In a surprisingly moral book, as much a social indictment of Victorian hypocrisy and bigotry as adventure tale, Paul Emanuelli uses carefully researched facts and a well tried plot to produce a compelling read.

James Daunton is a gentleman and lawyer. In polite company he plays down his Irish roots, but a predilection for drink and gambling lead him to a point where he will lose his place in society. His involvement with a Catholic priest, a childhood friend, brings him into conflict with the city's most powerful criminal, which escalates when he accidentally kills one of the gang boss's men. He discovers the man he thought his best friend is a blackmailer, cheat and conman who has robbed him of everything and set him up for the attack which led to the death. Partly by chance he recruits a small team of friends and allies, the priest, an American sailor, a doctor struggling to make his mark, a struggling actress and a former safecracker he once defended against a bogus charge. All have two things in common – a secret they are unwilling to talk about and a desire to break the gangster's grip.
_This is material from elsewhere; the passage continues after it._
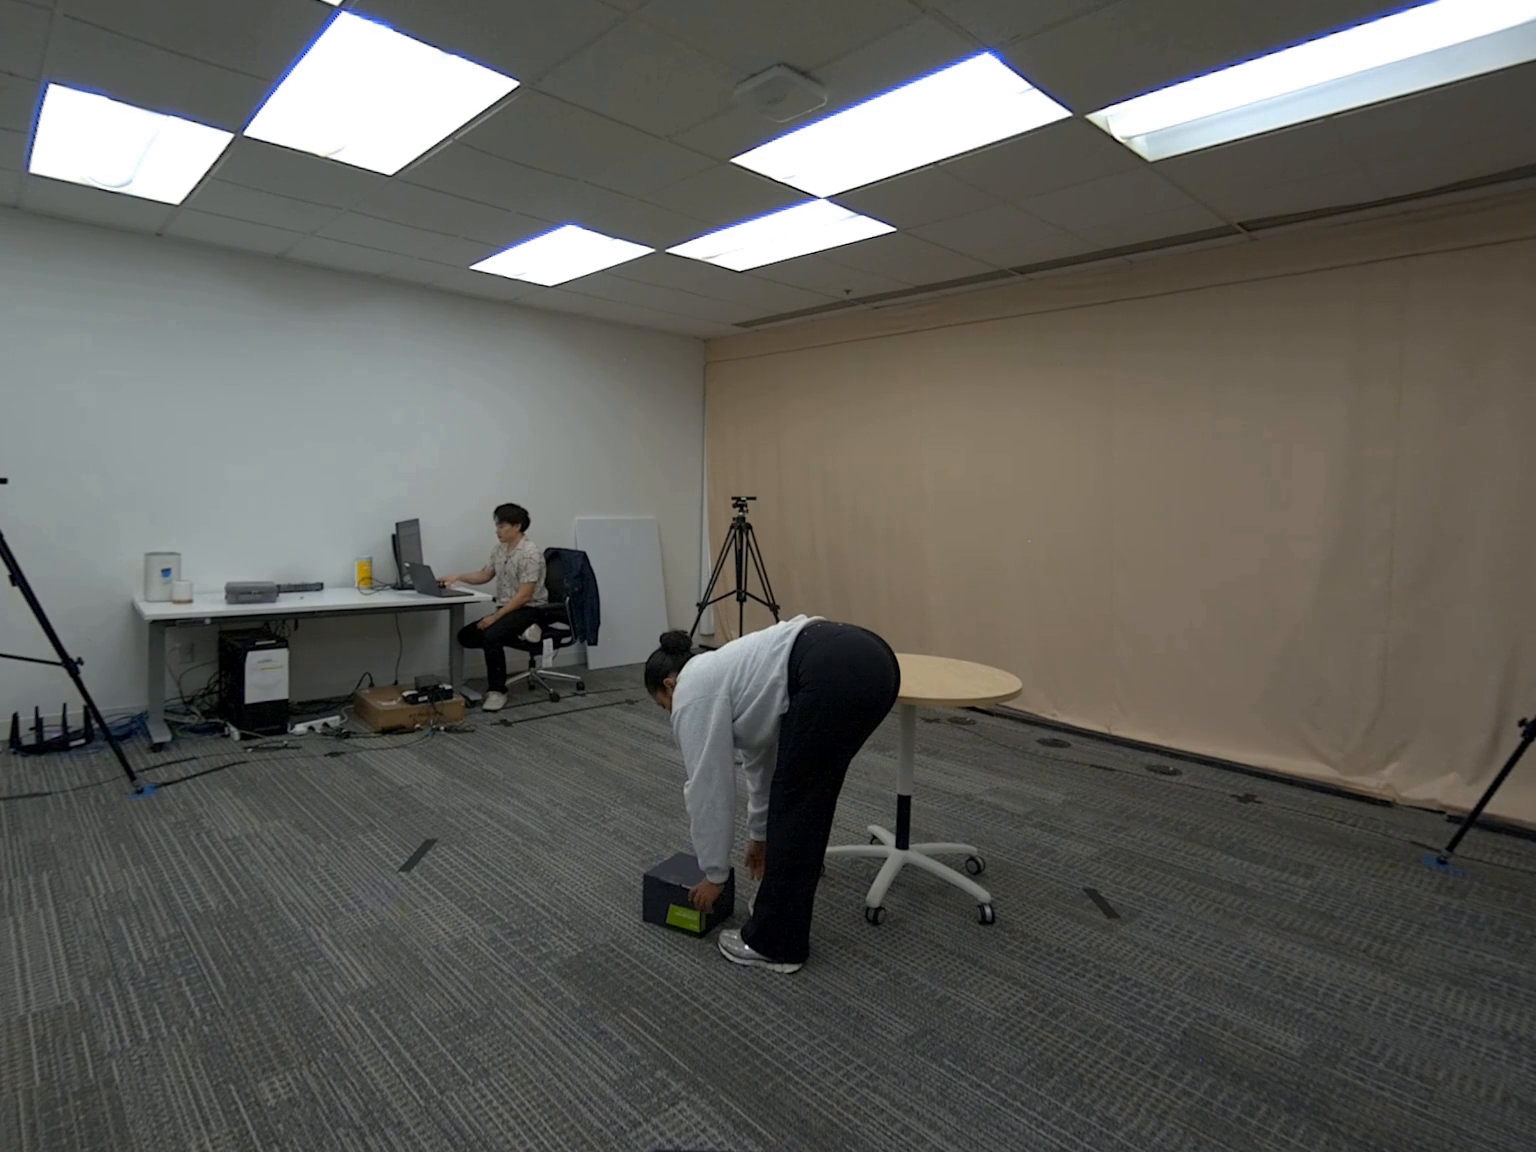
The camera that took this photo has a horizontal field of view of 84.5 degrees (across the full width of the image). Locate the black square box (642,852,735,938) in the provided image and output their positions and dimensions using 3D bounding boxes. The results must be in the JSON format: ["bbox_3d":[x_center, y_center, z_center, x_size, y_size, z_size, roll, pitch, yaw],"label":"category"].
[{"bbox_3d":[-0.262,1.045,2.793,0.233,0.155,0.213,4,5,29],"label":"black square box"}]

But to do this, they must themselves go outside the law.

The jacket blurb describes the book as a tale of murder, but this story of a man forced by circumstance to learn to trust in an atmosphere of betrayal and to dig deep to discover his true self is almost a West Country Western, its plot owing much to the moral stance of High Noon, as Daunton discovers the truth of the statement: Inheritance and upbringing might make us who we are, but it is the decisions we make that determine what we become.

A careful and selective use of locations and historical fact – many of the characters actually existed – blended with believable action and an impressive understanding of Victorian life with all its faults and contradictions and an ability to put them into words make this a serious, but worthwhile and enjoyable read.

One caveat. No doubt smaller publishing houses need to watch costs, but a small typeface does this otherwise outstanding book no favours. Many readers will undoubtedly find what should be a cracking read unnecessarily hard work as a result.

§John Cleal is a former soldier and journalist with an interest in medieval history. He divides his time between France and England.